[TASK GOAL] Once the line containing "#46 cardboard box [1466,178,1536,296]" is found in the entries below, restate it and each following line word for word, stopping after the line containing "The image spans 60.0° horizontally.".

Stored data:
╭──

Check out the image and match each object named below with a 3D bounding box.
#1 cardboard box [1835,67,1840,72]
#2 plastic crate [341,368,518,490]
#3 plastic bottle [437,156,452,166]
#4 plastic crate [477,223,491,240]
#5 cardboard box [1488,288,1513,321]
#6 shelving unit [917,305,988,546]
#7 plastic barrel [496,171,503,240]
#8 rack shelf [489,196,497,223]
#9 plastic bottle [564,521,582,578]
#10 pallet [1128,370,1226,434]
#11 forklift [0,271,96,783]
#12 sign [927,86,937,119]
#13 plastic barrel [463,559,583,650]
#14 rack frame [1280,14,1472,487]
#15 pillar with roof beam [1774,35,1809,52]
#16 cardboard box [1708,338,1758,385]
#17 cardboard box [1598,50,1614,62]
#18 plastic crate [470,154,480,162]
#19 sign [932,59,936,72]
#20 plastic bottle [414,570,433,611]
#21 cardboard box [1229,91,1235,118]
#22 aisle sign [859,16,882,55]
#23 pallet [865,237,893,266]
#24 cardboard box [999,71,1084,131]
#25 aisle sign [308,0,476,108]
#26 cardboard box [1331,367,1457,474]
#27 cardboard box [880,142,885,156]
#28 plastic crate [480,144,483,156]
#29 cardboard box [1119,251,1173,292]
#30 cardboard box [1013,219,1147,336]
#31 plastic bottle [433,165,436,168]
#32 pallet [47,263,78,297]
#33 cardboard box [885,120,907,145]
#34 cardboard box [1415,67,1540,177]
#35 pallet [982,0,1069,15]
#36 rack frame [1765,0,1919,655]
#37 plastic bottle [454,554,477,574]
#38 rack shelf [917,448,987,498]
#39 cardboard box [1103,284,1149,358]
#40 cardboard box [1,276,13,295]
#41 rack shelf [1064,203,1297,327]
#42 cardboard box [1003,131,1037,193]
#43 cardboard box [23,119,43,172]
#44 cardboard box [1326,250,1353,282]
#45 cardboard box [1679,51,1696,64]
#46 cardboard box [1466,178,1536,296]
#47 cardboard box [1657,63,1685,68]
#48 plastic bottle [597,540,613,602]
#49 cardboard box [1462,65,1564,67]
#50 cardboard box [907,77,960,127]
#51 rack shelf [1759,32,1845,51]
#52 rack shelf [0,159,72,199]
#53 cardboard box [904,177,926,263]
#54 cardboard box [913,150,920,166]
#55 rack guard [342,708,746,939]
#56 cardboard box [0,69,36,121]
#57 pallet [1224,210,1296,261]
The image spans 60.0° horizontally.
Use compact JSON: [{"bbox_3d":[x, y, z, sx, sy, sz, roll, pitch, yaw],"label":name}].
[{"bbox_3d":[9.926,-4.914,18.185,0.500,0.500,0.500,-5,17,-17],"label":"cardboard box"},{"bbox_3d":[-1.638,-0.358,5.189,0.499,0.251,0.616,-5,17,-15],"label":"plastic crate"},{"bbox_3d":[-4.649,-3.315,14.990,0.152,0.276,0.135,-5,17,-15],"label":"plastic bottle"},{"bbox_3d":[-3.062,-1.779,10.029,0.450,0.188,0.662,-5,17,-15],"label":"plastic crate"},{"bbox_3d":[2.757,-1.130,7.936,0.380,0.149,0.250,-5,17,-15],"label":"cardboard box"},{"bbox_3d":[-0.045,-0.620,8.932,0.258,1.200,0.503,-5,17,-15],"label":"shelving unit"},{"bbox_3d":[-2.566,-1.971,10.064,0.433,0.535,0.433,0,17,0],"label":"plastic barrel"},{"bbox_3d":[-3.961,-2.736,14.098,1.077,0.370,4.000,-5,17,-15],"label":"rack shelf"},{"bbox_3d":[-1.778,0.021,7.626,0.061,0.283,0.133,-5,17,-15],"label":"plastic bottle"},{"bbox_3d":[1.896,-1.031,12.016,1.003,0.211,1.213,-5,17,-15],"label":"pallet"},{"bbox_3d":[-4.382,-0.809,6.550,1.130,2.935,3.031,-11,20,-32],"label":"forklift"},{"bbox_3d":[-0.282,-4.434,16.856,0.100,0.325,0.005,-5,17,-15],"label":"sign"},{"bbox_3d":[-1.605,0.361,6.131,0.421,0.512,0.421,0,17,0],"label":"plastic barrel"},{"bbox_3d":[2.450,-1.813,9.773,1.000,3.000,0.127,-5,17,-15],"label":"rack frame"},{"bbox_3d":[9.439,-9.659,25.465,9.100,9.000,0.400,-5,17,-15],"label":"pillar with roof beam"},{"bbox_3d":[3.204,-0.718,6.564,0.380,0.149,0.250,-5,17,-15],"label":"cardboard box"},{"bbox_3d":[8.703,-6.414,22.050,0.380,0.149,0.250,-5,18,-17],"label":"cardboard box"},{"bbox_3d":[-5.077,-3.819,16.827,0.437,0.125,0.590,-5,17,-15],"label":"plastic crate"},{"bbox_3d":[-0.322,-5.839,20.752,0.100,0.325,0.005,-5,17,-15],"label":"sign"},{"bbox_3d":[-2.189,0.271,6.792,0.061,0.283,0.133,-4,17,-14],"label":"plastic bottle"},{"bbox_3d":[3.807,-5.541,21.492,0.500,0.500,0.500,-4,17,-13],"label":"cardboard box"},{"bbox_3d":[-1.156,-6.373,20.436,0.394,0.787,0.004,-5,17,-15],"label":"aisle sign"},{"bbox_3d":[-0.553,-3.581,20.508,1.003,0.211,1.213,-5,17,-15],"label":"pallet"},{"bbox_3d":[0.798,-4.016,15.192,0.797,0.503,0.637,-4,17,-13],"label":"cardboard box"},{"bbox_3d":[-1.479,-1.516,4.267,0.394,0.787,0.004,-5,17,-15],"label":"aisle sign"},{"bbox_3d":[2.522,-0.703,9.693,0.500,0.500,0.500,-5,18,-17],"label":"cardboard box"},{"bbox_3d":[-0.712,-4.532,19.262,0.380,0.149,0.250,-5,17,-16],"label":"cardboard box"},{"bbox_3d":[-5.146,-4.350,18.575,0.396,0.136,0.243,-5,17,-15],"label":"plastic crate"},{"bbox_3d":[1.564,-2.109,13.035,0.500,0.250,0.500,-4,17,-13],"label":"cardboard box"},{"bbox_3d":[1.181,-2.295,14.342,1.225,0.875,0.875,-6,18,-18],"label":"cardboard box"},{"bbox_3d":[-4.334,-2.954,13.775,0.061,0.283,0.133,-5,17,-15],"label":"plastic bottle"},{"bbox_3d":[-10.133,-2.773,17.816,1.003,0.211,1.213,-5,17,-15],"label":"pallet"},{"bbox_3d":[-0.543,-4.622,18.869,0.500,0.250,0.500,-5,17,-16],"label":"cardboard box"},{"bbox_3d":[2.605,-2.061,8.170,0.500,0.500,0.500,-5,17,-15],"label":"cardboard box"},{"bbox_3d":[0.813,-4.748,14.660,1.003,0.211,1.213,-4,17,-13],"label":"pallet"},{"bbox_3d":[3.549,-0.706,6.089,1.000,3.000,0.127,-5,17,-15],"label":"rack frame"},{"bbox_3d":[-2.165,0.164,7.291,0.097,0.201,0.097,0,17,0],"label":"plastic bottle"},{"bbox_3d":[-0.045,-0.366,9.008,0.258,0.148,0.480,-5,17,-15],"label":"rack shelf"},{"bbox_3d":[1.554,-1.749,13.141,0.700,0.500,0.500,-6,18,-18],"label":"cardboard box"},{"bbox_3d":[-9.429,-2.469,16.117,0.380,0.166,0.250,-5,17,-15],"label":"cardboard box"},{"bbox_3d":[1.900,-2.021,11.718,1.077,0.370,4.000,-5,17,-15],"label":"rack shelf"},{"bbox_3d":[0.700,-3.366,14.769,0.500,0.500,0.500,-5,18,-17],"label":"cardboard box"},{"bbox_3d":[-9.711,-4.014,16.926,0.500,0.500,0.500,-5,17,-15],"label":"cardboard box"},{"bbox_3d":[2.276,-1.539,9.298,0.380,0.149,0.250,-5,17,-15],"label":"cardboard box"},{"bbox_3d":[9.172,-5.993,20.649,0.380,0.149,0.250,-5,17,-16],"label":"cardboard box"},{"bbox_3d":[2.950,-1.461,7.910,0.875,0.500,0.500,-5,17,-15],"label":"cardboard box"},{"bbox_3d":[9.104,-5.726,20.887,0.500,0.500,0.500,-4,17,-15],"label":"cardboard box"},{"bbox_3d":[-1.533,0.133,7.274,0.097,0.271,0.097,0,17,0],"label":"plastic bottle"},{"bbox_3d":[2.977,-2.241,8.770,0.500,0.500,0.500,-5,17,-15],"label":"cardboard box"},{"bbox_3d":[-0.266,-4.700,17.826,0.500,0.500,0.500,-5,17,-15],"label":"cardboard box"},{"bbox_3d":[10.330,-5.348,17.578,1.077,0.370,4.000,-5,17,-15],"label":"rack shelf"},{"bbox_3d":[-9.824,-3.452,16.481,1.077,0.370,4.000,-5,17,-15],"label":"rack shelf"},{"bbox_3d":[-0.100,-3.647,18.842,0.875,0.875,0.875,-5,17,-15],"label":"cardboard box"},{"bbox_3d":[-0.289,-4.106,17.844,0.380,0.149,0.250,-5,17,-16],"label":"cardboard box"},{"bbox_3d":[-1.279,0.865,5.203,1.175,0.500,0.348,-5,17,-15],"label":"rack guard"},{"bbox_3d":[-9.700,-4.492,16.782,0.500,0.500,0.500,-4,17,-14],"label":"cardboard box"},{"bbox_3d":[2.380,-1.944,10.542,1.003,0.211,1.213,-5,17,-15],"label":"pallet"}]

╰──

[RESULT FOR THIS EXERCISE]
#46 cardboard box [1466,178,1536,296]
#47 cardboard box [1657,63,1685,68]
#48 plastic bottle [597,540,613,602]
#49 cardboard box [1462,65,1564,67]
#50 cardboard box [907,77,960,127]
#51 rack shelf [1759,32,1845,51]
#52 rack shelf [0,159,72,199]
#53 cardboard box [904,177,926,263]
#54 cardboard box [913,150,920,166]
#55 rack guard [342,708,746,939]
#56 cardboard box [0,69,36,121]
#57 pallet [1224,210,1296,261]
The image spans 60.0° horizontally.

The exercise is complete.